Aus diesem Geist heraus wollen wir als Evangelische Kirchengemeinde Niederkassel den Bund leben, den Gott mit Israel geschlossen hat und in den wir durch Jesus Christus hinein genommen sind: den Bund der Liebe Gottes zu allen Menschen und seiner ganzen Schöpfung.

Wir können Gottes Liebe nur leben – erwidern und weitergeben (Matthäus 22, 37.39) –, wenn wir uns dem Geist der Liebe ganz öffnen, in ihm bleiben und aus ihm heraus authentisch leben (1. Johannes 4, 16b), so dass Gedanken, Worte und Taten eins werden (Jakobus 1, 22).

So sehen wir unser Leben und Arbeiten in der Gemeinde – im Vertrauen auf Gottes Gnade – in der untrennbaren Einheit von Empfangen und Weitergeben (Matthäus 11, 28; Matthäus 28, 19f), von Gebet und Verkündigung in Wort und helfender Tat, in Spiritualität und Engagement.

Für all das bitten wir um die Kraft des Geistes Gottes, damit wir in Offenheit und Toleranz und in aller Besonnenheit den Fragen und Problemen unserer Zeit begegnen können.

Matthäus 22, 37.39: „Du sollst den Herrn, deinen Gott, lieben von ganzem Herzen, von ganzer Seele und von gan­zem Gemüt“ und „Du sollst deinen Nächsten lieben wie dich selbst.“

Erster Johannes 4, 16b: „Gott ist die Liebe; und wer in der Liebe bleibt, der bleibt in Gott und Gott in ihm.“

Jakobus 1, 22: „Seid aber Täter des Wortes und nicht Hörer allein; sonst betrügt ihr euch selbst.“

Matthäus 11, 28: „Kommt her zu mir, alle, die ihr mühselig und beladen seid; ich will euch erquicken.“

Matthäus 28, 19f: „Darum gehet hin und machet zu Jüngern alle Völker: Taufet sie auf den Namen des Vaters und des Sohnes und des heiligen Geistes und lehret sie alles halten, was ich euch befohlen habe.“

2. Inhaltliche Schwerpunkte

Aus diesen theologischen Leitlinien ergeben sich für uns vier inhaltliche Schwerpunkte:

  1. Spiritualität als Grundhaltung, in der wir die Liebe Gottes empfangen und erfahren und zu der wir andere Menschen einladen wollen
  2. Zuwendung zu den Menschen als Grundhaltung, in der wir die Liebe Gottes weitergeben und ausstrahlen wollen.

Gerechtigkeit und die Bewahrung der Schöpfung als zwei, auch strukturelle und ins Politische reichende Konkretionen der Liebe Gottes (Bewahrung der Schöpfung gehört auch dazu, da der Bund der Liebe nicht nur die Menschen, sondern die gesamte Schöpfung mit einschließt)


3. H
andlungsmotivationen

Aus diesen inhaltlichen Schwerpunkten leiten sich dann wiederum Motivationen ab, warum wir uns in diesen Gebieten engagieren wollen.

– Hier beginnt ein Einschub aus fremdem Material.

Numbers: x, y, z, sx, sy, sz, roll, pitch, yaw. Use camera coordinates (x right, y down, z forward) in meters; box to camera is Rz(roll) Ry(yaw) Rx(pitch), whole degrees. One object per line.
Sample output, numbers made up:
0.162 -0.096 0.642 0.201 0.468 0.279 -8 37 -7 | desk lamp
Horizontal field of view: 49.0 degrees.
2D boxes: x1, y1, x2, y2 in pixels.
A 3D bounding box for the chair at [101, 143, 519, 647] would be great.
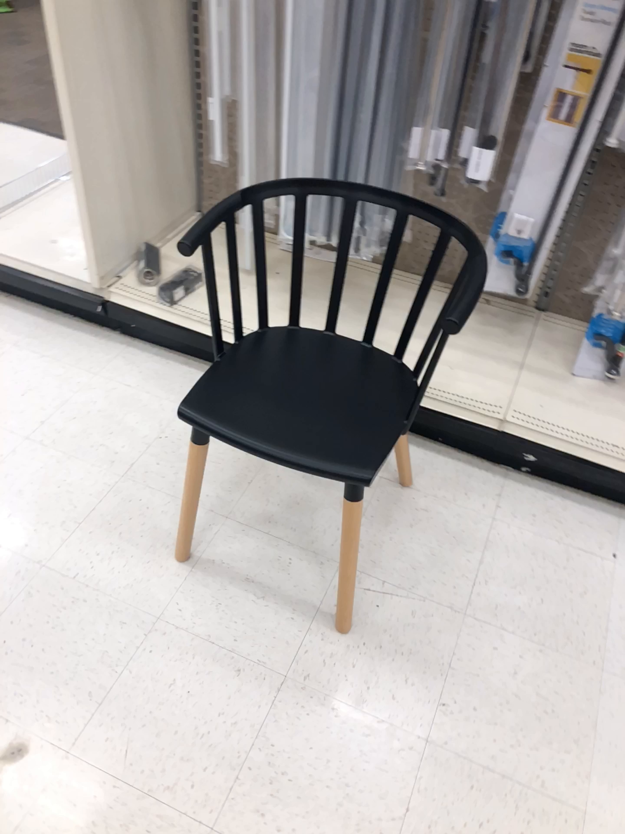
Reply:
0.010 -0.054 1.429 0.534 0.731 0.570 20 44 15 | chair
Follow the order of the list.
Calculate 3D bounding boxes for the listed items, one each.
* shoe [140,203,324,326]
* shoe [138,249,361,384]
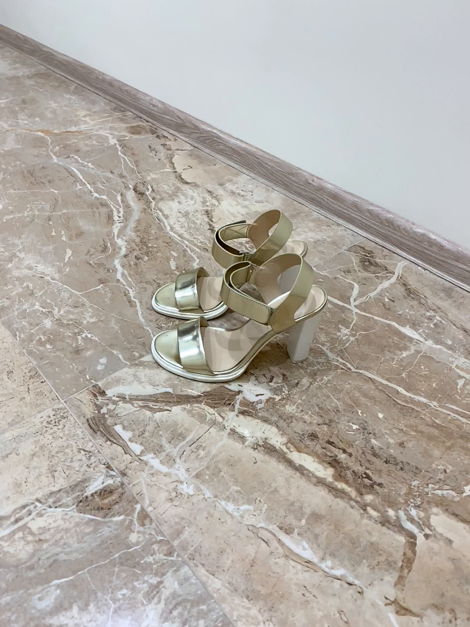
[{"bbox_3d":[-0.009,-0.064,0.651,0.220,0.129,0.096,1,41,-5],"label":"shoe"},{"bbox_3d":[0.010,0.004,0.570,0.230,0.119,0.101,0,41,-6],"label":"shoe"}]

Zum Teil scheinen es Selbstverständ-lichkeiten zu sein, aber es erscheint uns wesentlich, bei der Frage nach dem „Wohin?“ immer auch das „Warum?“ mit zu bedenken.

So ergeben sich für die inhaltlichen Schwerpunkte unserer Arbeit folgende Handlungsmotivationen:

  • Spiritualität: uns und anderen Räume zu schaffen, um christliche Spiritualität zu leben und zu erfahren.
  • Zuwendung zu den Menschen: ehrliches und offenes Miteinander, die Übersetzung der Verkündigung in diakonisches Handeln und eine Orientierung am Lebensweg der Menschen.
  • Gerechtigkeit: die Zusage der Gerechtigkeit Gottes in unserem Handeln widerzuspiegeln.
  • Bewahrung der Schöpfung: mit der uns anvertrauten Schöpfung verantwortungsvoll umzugehen.


4. Bisherige Umsetzung

Wir haben uns in vielerlei Hinsicht in diesen vier Bereichen schon engagiert. Es ist schwer, die einzelnen Aktivitäten unserer Gemeinde den vier Bereichen eindeutig zuzuordnen, da Spiritualität immer auch in gewisser Hinsicht die Hinwendung zum Menschen einschließt und die Hinwendung zum Menschen bei uns ebenso wenig sich von der Spiritualität trennen lässt. Auch Gerechtigkeit und Bewahrung der Schöpfung sind Aspekte, die sich in den meisten Aktivitäten – wenn auch manchmal vielleicht nur am Rande – wiederfinden.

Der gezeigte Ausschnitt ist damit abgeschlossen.